I should be freaking out at this point, but I am not. I don't believe I will have a job to go back to when all of this is over. I can't explain it. I can't understand why I am not freaking out, as I am one who would prefer to be in control of my career and my financial future....but there is no freaking out being done by me.
Perhaps one may argue that I am naive or that I am not seeing things clearly and therefore, that is why I am not freaking out. The logical, fact based thinking people in my life have reasonably argued that I should be highly concerned and I need to get a plan in place, because I have bills to pay and kids to pay for. And of course, logically, they are correct. And I absolutely will do what is necessary in order to work and earn an income in order to pay my bills and put food on the table and clothes on my children. I am naturally just one of those people who do what needs to be done. I just do. That is my natural bent.
But God. I can't explain the peace I have about it, except to say that it is all God. Remember when I had shared awhile back that I was praying about having more time at home to spend with my kids, to maybe even home educate one of them, and even do more of the things I desired to do, like writing, reading, studying. Here we are. Here I am. In a very weird way, this has been an answer to my prayers. I have found my sweet, happy spot.
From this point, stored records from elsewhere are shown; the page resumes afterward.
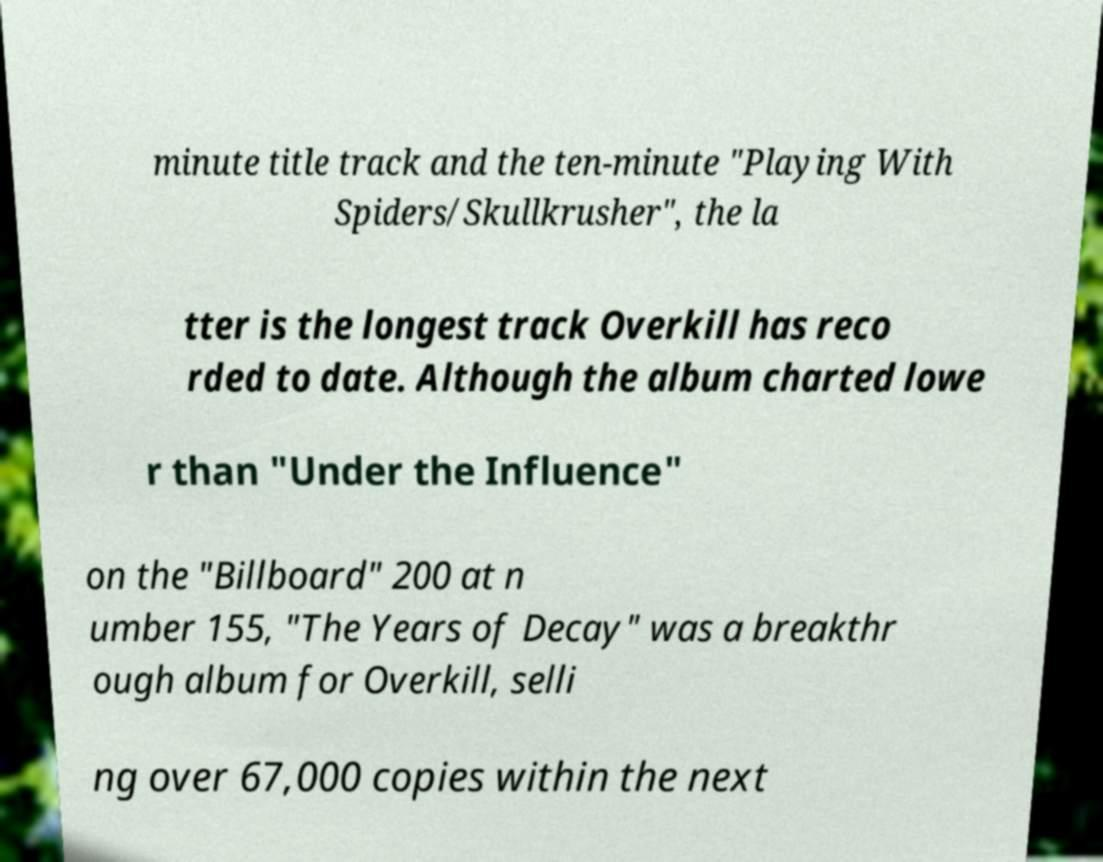There's text embedded in this image that I need extracted. Can you transcribe it verbatim? minute title track and the ten-minute "Playing With Spiders/Skullkrusher", the la tter is the longest track Overkill has reco rded to date. Although the album charted lowe r than "Under the Influence" on the "Billboard" 200 at n umber 155, "The Years of Decay" was a breakthr ough album for Overkill, selli ng over 67,000 copies within the next 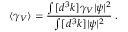<formula> <loc_0><loc_0><loc_500><loc_500>\langle \gamma _ { V } \rangle = \frac { \int [ d ^ { 3 } k ] \gamma _ { V } | \psi | ^ { 2 } } { \int [ d ^ { 3 } k ] | \psi | ^ { 2 } } \, .</formula> 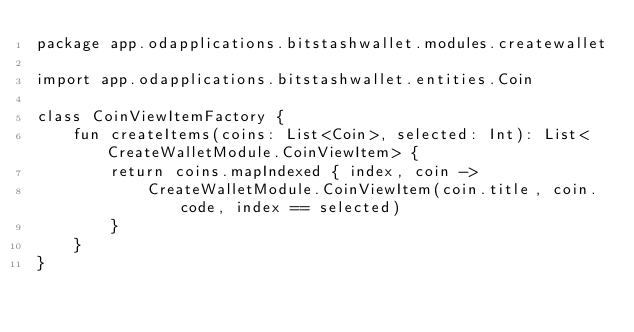Convert code to text. <code><loc_0><loc_0><loc_500><loc_500><_Kotlin_>package app.odapplications.bitstashwallet.modules.createwallet

import app.odapplications.bitstashwallet.entities.Coin

class CoinViewItemFactory {
    fun createItems(coins: List<Coin>, selected: Int): List<CreateWalletModule.CoinViewItem> {
        return coins.mapIndexed { index, coin ->
            CreateWalletModule.CoinViewItem(coin.title, coin.code, index == selected)
        }
    }
}
</code> 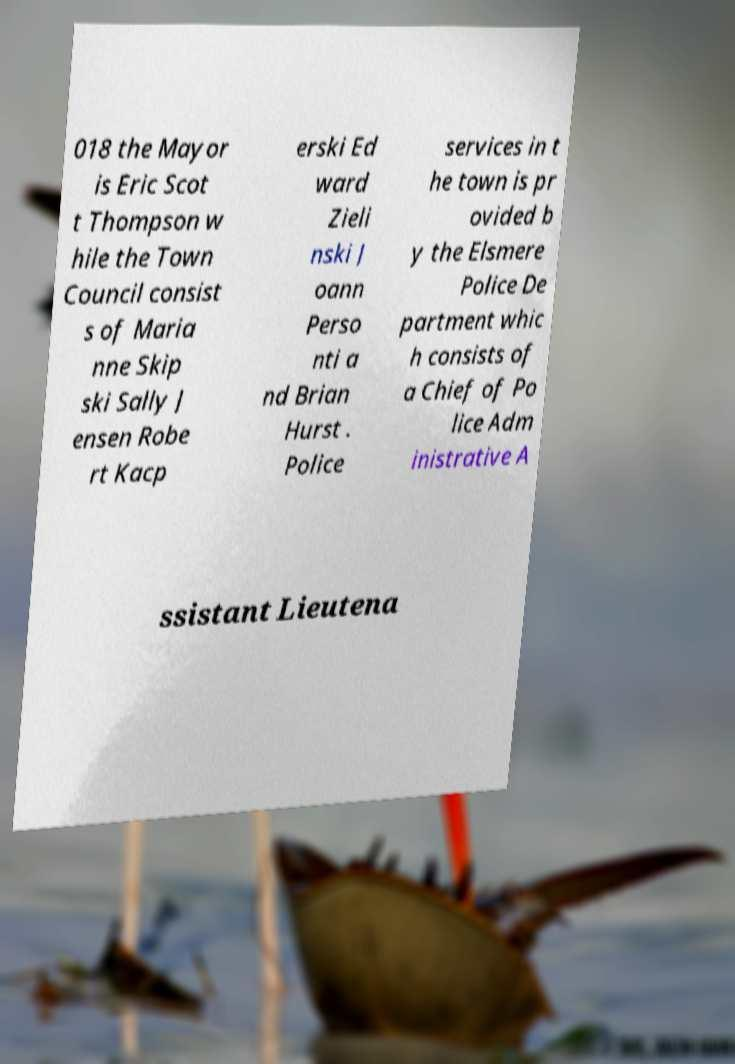Please read and relay the text visible in this image. What does it say? 018 the Mayor is Eric Scot t Thompson w hile the Town Council consist s of Maria nne Skip ski Sally J ensen Robe rt Kacp erski Ed ward Zieli nski J oann Perso nti a nd Brian Hurst . Police services in t he town is pr ovided b y the Elsmere Police De partment whic h consists of a Chief of Po lice Adm inistrative A ssistant Lieutena

Being up here in this space and being able to write and communicate all of my thoughts and emotions, and even what I am learning with everyone has made me immensely happy. It brings me incredible joy to be able to use this time of self-distancing in order to cuddle with my kids more, watch more movies together, read more books together, educate my children on the world around us, and write more. I have found more messages buried in my heart and head to share with you, thanks to being told to be still.
How is that for an answer to prayer. When we pray for more time, more stillness, more of the necessary and the familiar and even more of the things we took as mundane and boring, we find that they were really the more important things. They were the necessary things. We took them for granted because we had distractions and obligations. Even those obligations that are for our good (like work!) it can keep us from participating and doing the things that we feel called to do. Most of us are not at jobs that also equal our calling. I know the majority of us have jobs that simply provide us with the ability to pay our bills and feed mouths. And that is okay. Our vocation does not need to equal our ministry.
So, yes. I have found my happy spot. My rhythm during a not so conventional season for me and my family. I get up in the mornings, prepare my iced coffee, head upstairs to the tech loft to read my Bible from the reading plan, my devotional, and spend time writing in my journal. Preparing my heart for the day. Making sure that each day, portions of His word makes its way into my head and my heart.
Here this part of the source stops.